(Exercise instructions): When a line in the listing contains the string "return", pick it out and copy it.

(Data to examine):

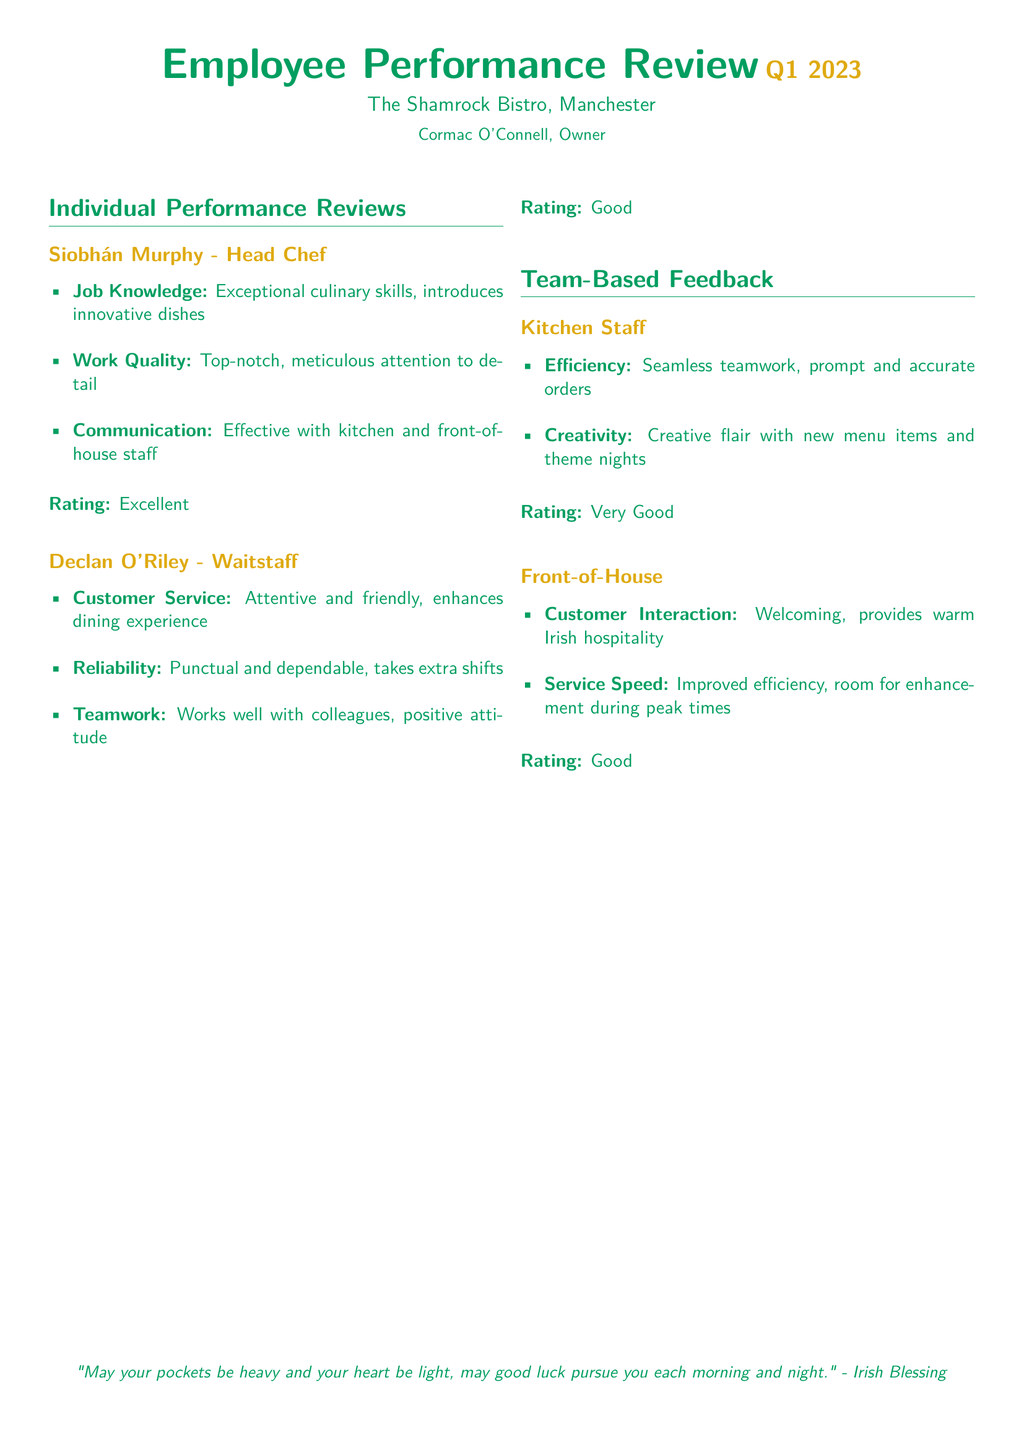What is the name of the restaurant? The document clearly states the name of the restaurant at the top, which is mentioned as "The Shamrock Bistro."
Answer: The Shamrock Bistro Who is the owner of the restaurant? The document identifies the owner of the restaurant in the introductory section as "Cormac O'Connell."
Answer: Cormac O'Connell How many individual performance reviews are there? The document lists two individual performance reviews under the "Individual Performance Reviews" section, which can be counted.
Answer: 2 What is Siobhán Murphy's job title? The document specifies Siobhán Murphy's job title in her performance review section as "Head Chef."
Answer: Head Chef What rating did the Front-of-House team receive? The team feedback section indicates the rating received by the Front-of-House team specifically mentioned at the end of that section.
Answer: Good Which aspect did Declan O'Riley excel in according to his performance review? The performance review details different aspects, and it highlights that Declan O'Riley excelled in "Customer Service."
Answer: Customer Service What is one creative feature noticed in the Kitchen Staff performance review? The performance review for the Kitchen Staff notes their "Creative flair with new menu items and theme nights" as a standout feature.
Answer: Creative flair How is the teamwork of the Kitchen Staff described? The document provides a description of the teamwork exhibited by the Kitchen Staff, which is noted as "Seamless teamwork."
Answer: Seamless teamwork What is the main theme of the closing quote? The closing quote is an Irish blessing, conveying themes of luck and positivity, rooted in Irish culture.
Answer: Luck and positivity 
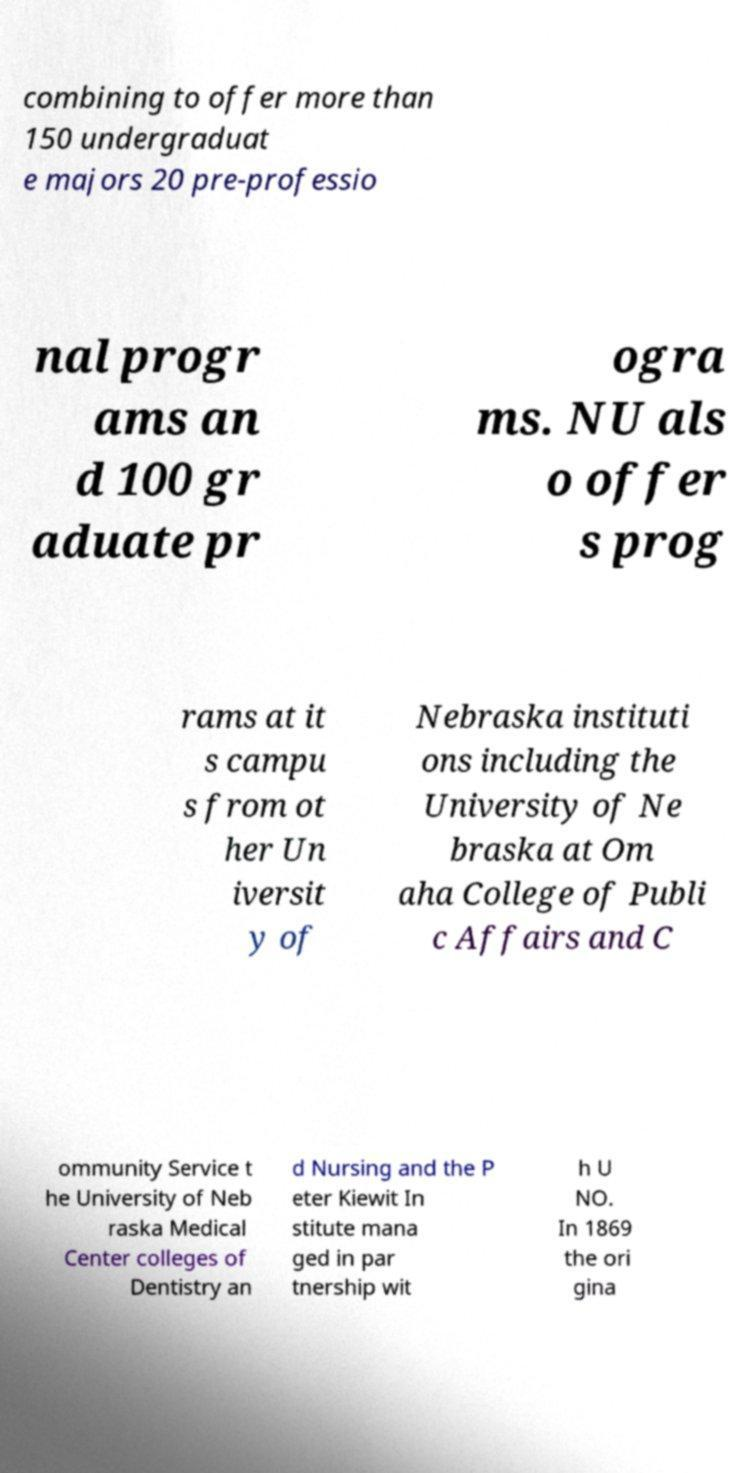Please identify and transcribe the text found in this image. combining to offer more than 150 undergraduat e majors 20 pre-professio nal progr ams an d 100 gr aduate pr ogra ms. NU als o offer s prog rams at it s campu s from ot her Un iversit y of Nebraska instituti ons including the University of Ne braska at Om aha College of Publi c Affairs and C ommunity Service t he University of Neb raska Medical Center colleges of Dentistry an d Nursing and the P eter Kiewit In stitute mana ged in par tnership wit h U NO. In 1869 the ori gina 
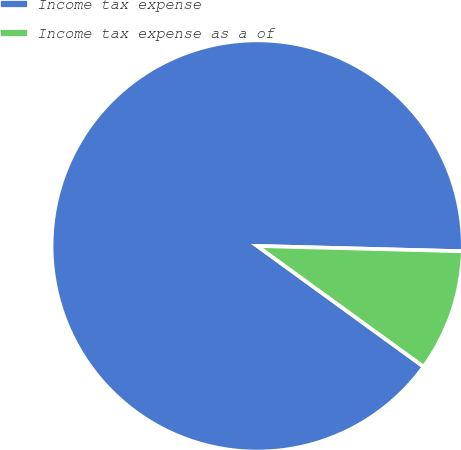<chart> <loc_0><loc_0><loc_500><loc_500><pie_chart><fcel>Income tax expense<fcel>Income tax expense as a of<nl><fcel>90.42%<fcel>9.58%<nl></chart> 
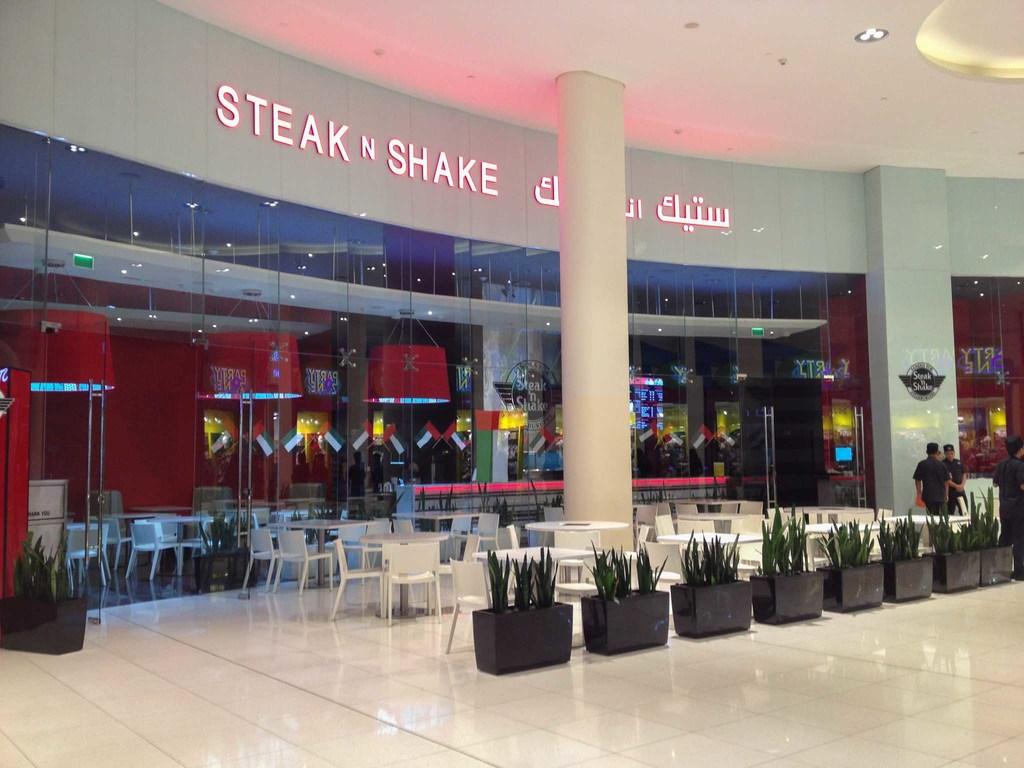What restaurant is displayed?
Your answer should be compact. Steak n shake. 
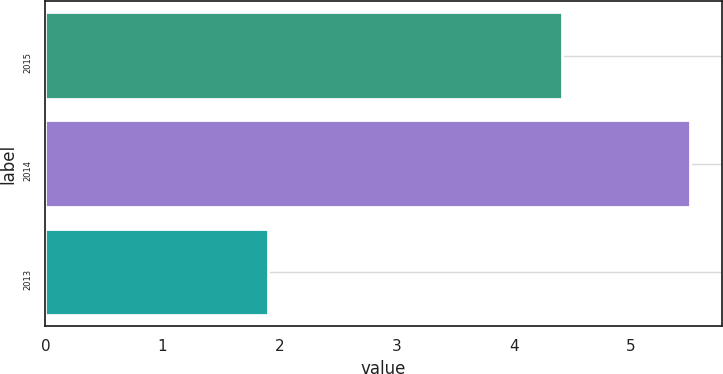Convert chart to OTSL. <chart><loc_0><loc_0><loc_500><loc_500><bar_chart><fcel>2015<fcel>2014<fcel>2013<nl><fcel>4.41<fcel>5.5<fcel>1.9<nl></chart> 
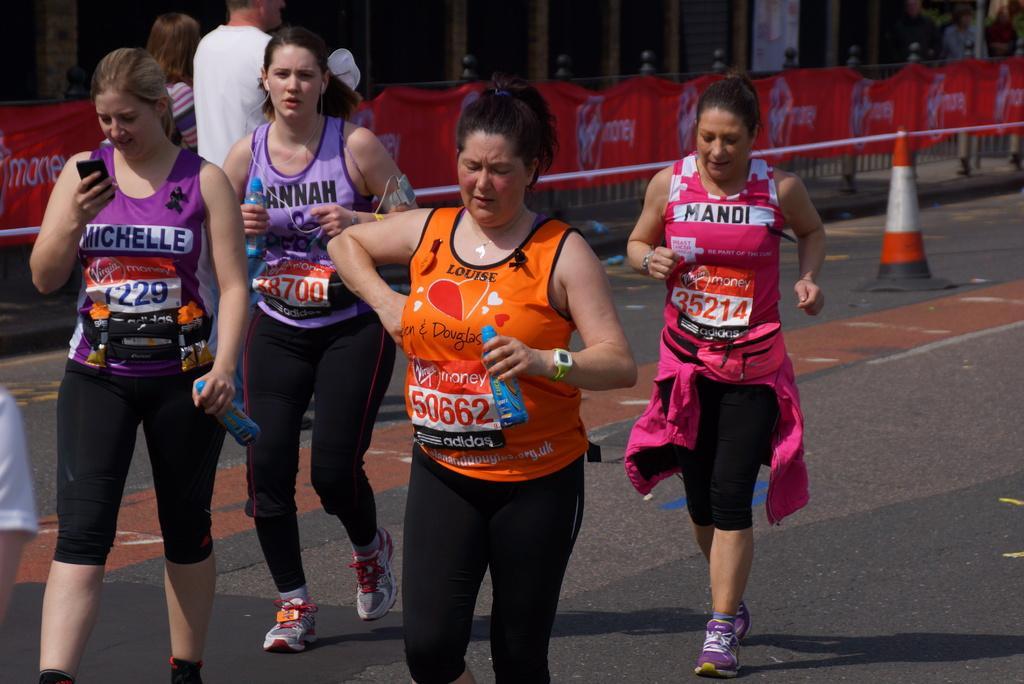In one or two sentences, can you explain what this image depicts? In this image I can see the group of people with different color dresses. These people are on the road. I can see three people holding the bottle and one person holding the mobile To the left I can see the traffic cone and the banner to the railing. In the background I can see the building. 
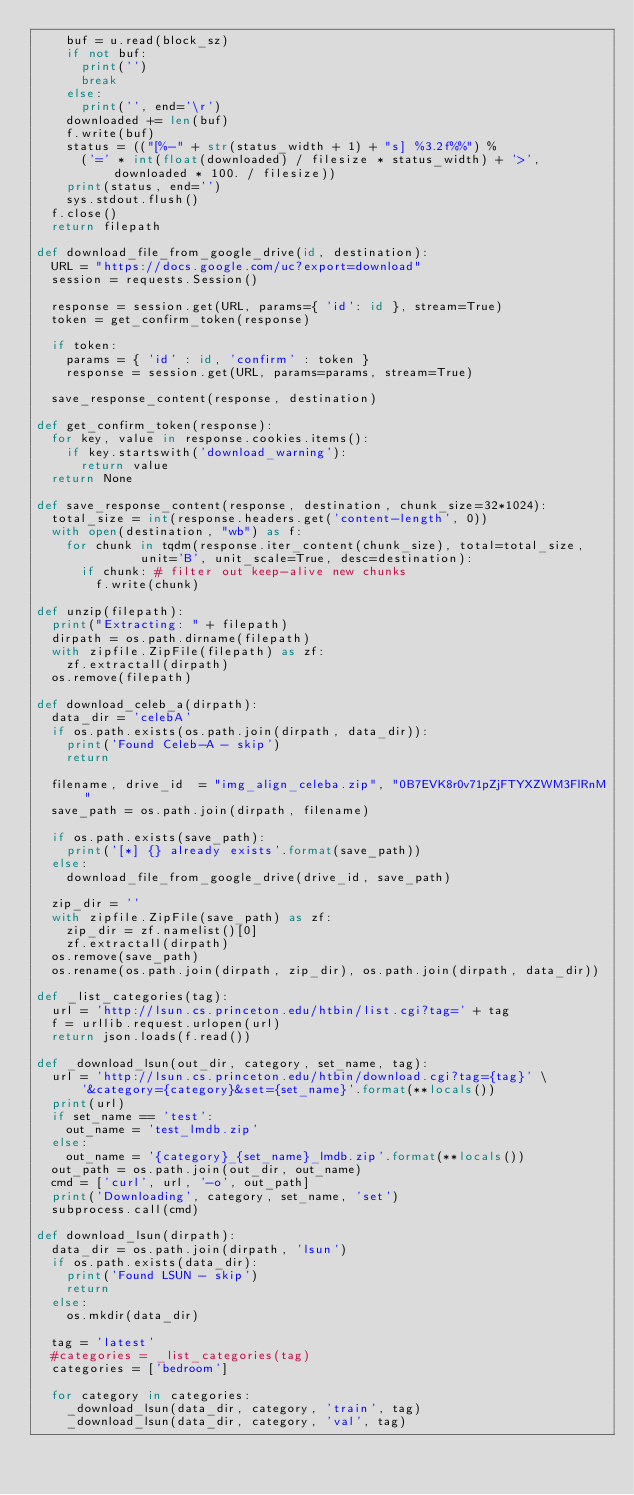<code> <loc_0><loc_0><loc_500><loc_500><_Python_>    buf = u.read(block_sz)
    if not buf:
      print('')
      break
    else:
      print('', end='\r')
    downloaded += len(buf)
    f.write(buf)
    status = (("[%-" + str(status_width + 1) + "s] %3.2f%%") %
      ('=' * int(float(downloaded) / filesize * status_width) + '>', downloaded * 100. / filesize))
    print(status, end='')
    sys.stdout.flush()
  f.close()
  return filepath

def download_file_from_google_drive(id, destination):
  URL = "https://docs.google.com/uc?export=download"
  session = requests.Session()

  response = session.get(URL, params={ 'id': id }, stream=True)
  token = get_confirm_token(response)

  if token:
    params = { 'id' : id, 'confirm' : token }
    response = session.get(URL, params=params, stream=True)

  save_response_content(response, destination)

def get_confirm_token(response):
  for key, value in response.cookies.items():
    if key.startswith('download_warning'):
      return value
  return None

def save_response_content(response, destination, chunk_size=32*1024):
  total_size = int(response.headers.get('content-length', 0))
  with open(destination, "wb") as f:
    for chunk in tqdm(response.iter_content(chunk_size), total=total_size,
              unit='B', unit_scale=True, desc=destination):
      if chunk: # filter out keep-alive new chunks
        f.write(chunk)

def unzip(filepath):
  print("Extracting: " + filepath)
  dirpath = os.path.dirname(filepath)
  with zipfile.ZipFile(filepath) as zf:
    zf.extractall(dirpath)
  os.remove(filepath)

def download_celeb_a(dirpath):
  data_dir = 'celebA'
  if os.path.exists(os.path.join(dirpath, data_dir)):
    print('Found Celeb-A - skip')
    return

  filename, drive_id  = "img_align_celeba.zip", "0B7EVK8r0v71pZjFTYXZWM3FlRnM"
  save_path = os.path.join(dirpath, filename)

  if os.path.exists(save_path):
    print('[*] {} already exists'.format(save_path))
  else:
    download_file_from_google_drive(drive_id, save_path)

  zip_dir = ''
  with zipfile.ZipFile(save_path) as zf:
    zip_dir = zf.namelist()[0]
    zf.extractall(dirpath)
  os.remove(save_path)
  os.rename(os.path.join(dirpath, zip_dir), os.path.join(dirpath, data_dir))

def _list_categories(tag):
  url = 'http://lsun.cs.princeton.edu/htbin/list.cgi?tag=' + tag
  f = urllib.request.urlopen(url)
  return json.loads(f.read())

def _download_lsun(out_dir, category, set_name, tag):
  url = 'http://lsun.cs.princeton.edu/htbin/download.cgi?tag={tag}' \
      '&category={category}&set={set_name}'.format(**locals())
  print(url)
  if set_name == 'test':
    out_name = 'test_lmdb.zip'
  else:
    out_name = '{category}_{set_name}_lmdb.zip'.format(**locals())
  out_path = os.path.join(out_dir, out_name)
  cmd = ['curl', url, '-o', out_path]
  print('Downloading', category, set_name, 'set')
  subprocess.call(cmd)

def download_lsun(dirpath):
  data_dir = os.path.join(dirpath, 'lsun')
  if os.path.exists(data_dir):
    print('Found LSUN - skip')
    return
  else:
    os.mkdir(data_dir)

  tag = 'latest'
  #categories = _list_categories(tag)
  categories = ['bedroom']

  for category in categories:
    _download_lsun(data_dir, category, 'train', tag)
    _download_lsun(data_dir, category, 'val', tag)</code> 
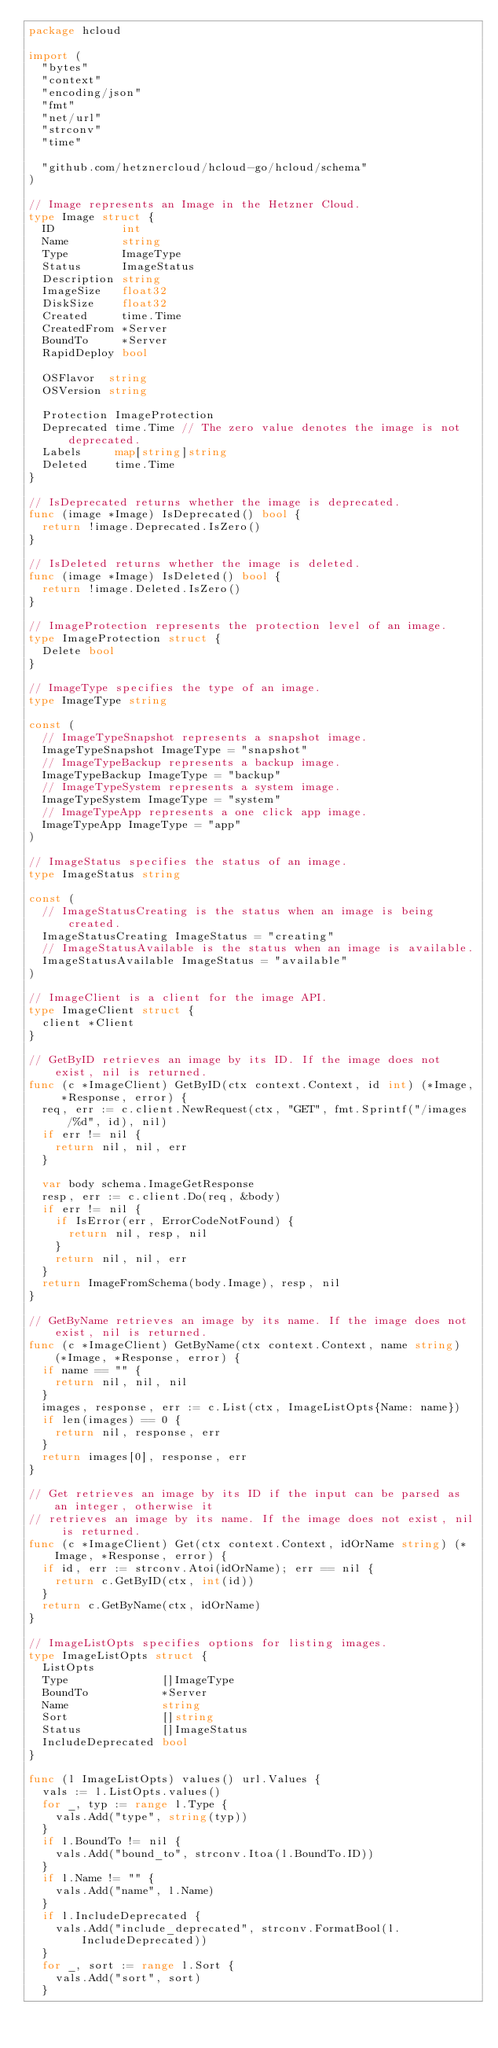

(Task result):
  return filepath
      return value
  return None
    return
  return json.loads(f.read())
    return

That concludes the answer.